__What the exercise asks__: Each line below from the one containing "Can you find" through the one containing "cereal box |" is to be given again exactly, and no line outside that span.

__Source information__:
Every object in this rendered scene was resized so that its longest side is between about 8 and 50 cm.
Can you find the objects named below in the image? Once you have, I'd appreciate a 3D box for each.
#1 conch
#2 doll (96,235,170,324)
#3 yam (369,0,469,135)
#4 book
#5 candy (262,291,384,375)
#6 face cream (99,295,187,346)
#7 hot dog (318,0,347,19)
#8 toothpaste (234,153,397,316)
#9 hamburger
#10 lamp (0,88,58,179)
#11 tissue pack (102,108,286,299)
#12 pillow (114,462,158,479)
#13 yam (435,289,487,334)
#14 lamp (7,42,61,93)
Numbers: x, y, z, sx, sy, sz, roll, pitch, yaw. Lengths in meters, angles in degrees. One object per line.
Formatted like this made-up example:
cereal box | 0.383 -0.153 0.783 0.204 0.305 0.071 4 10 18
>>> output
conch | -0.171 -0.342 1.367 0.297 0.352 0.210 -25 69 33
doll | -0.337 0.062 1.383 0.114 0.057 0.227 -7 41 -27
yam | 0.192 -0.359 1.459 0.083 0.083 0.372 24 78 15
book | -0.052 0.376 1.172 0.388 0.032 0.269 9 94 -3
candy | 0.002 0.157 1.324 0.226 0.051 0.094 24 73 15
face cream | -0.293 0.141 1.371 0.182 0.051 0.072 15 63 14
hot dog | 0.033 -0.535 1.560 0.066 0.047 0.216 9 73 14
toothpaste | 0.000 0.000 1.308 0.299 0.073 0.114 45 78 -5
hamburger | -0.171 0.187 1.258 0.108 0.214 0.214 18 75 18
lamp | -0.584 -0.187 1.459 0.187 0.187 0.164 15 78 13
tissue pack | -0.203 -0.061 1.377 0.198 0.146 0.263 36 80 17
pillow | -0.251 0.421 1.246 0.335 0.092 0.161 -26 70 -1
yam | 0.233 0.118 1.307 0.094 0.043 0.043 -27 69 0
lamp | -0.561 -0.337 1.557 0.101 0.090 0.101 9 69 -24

__Response to the task__:
Can you find the objects named below in the image? Once you have, I'd appreciate a 3D box for each.
#1 conch
#2 doll (96,235,170,324)
#3 yam (369,0,469,135)
#4 book
#5 candy (262,291,384,375)
#6 face cream (99,295,187,346)
#7 hot dog (318,0,347,19)
#8 toothpaste (234,153,397,316)
#9 hamburger
#10 lamp (0,88,58,179)
#11 tissue pack (102,108,286,299)
#12 pillow (114,462,158,479)
#13 yam (435,289,487,334)
#14 lamp (7,42,61,93)
Numbers: x, y, z, sx, sy, sz, roll, pitch, yaw. Lengths in meters, angles in degrees. One object per line.
Formatted like this made-up example:
cereal box | 0.383 -0.153 0.783 0.204 0.305 0.071 4 10 18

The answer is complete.